> EXERCISE AIM
Take the records underneath and set them down exactly.
= = =
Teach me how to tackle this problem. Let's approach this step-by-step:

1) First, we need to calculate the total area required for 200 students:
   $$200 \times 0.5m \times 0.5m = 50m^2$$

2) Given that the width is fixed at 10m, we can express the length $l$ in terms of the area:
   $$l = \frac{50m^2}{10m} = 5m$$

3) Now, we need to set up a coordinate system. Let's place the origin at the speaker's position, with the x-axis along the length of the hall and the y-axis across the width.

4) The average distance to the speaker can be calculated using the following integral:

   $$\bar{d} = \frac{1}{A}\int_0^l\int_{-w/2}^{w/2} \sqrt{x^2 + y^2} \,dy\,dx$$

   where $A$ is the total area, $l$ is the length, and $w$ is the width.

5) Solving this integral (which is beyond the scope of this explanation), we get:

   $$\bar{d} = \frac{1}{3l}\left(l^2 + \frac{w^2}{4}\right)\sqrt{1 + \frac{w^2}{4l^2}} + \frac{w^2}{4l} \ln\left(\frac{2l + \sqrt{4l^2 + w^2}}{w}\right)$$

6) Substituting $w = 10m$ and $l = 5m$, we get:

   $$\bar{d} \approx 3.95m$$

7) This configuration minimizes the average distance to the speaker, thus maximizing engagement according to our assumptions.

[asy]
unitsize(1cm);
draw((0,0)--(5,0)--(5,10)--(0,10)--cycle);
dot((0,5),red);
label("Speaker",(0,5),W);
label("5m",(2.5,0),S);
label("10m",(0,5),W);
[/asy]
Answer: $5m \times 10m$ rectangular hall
= = =
> RESULT FOR THIS TASK
Teach me how to tackle this problem. Let's approach this step-by-step:

1) First, we need to calculate the total area required for 200 students:
   $$200 \times 0.5m \times 0.5m = 50m^2$$

2) Given that the width is fixed at 10m, we can express the length $l$ in terms of the area:
   $$l = \frac{50m^2}{10m} = 5m$$

3) Now, we need to set up a coordinate system. Let's place the origin at the speaker's position, with the x-axis along the length of the hall and the y-axis across the width.

4) The average distance to the speaker can be calculated using the following integral:

   $$\bar{d} = \frac{1}{A}\int_0^l\int_{-w/2}^{w/2} \sqrt{x^2 + y^2} \,dy\,dx$$

   where $A$ is the total area, $l$ is the length, and $w$ is the width.

5) Solving this integral (which is beyond the scope of this explanation), we get:

   $$\bar{d} = \frac{1}{3l}\left(l^2 + \frac{w^2}{4}\right)\sqrt{1 + \frac{w^2}{4l^2}} + \frac{w^2}{4l} \ln\left(\frac{2l + \sqrt{4l^2 + w^2}}{w}\right)$$

6) Substituting $w = 10m$ and $l = 5m$, we get:

   $$\bar{d} \approx 3.95m$$

7) This configuration minimizes the average distance to the speaker, thus maximizing engagement according to our assumptions.

[asy]
unitsize(1cm);
draw((0,0)--(5,0)--(5,10)--(0,10)--cycle);
dot((0,5),red);
label("Speaker",(0,5),W);
label("5m",(2.5,0),S);
label("10m",(0,5),W);
[/asy]
Answer: $5m \times 10m$ rectangular hall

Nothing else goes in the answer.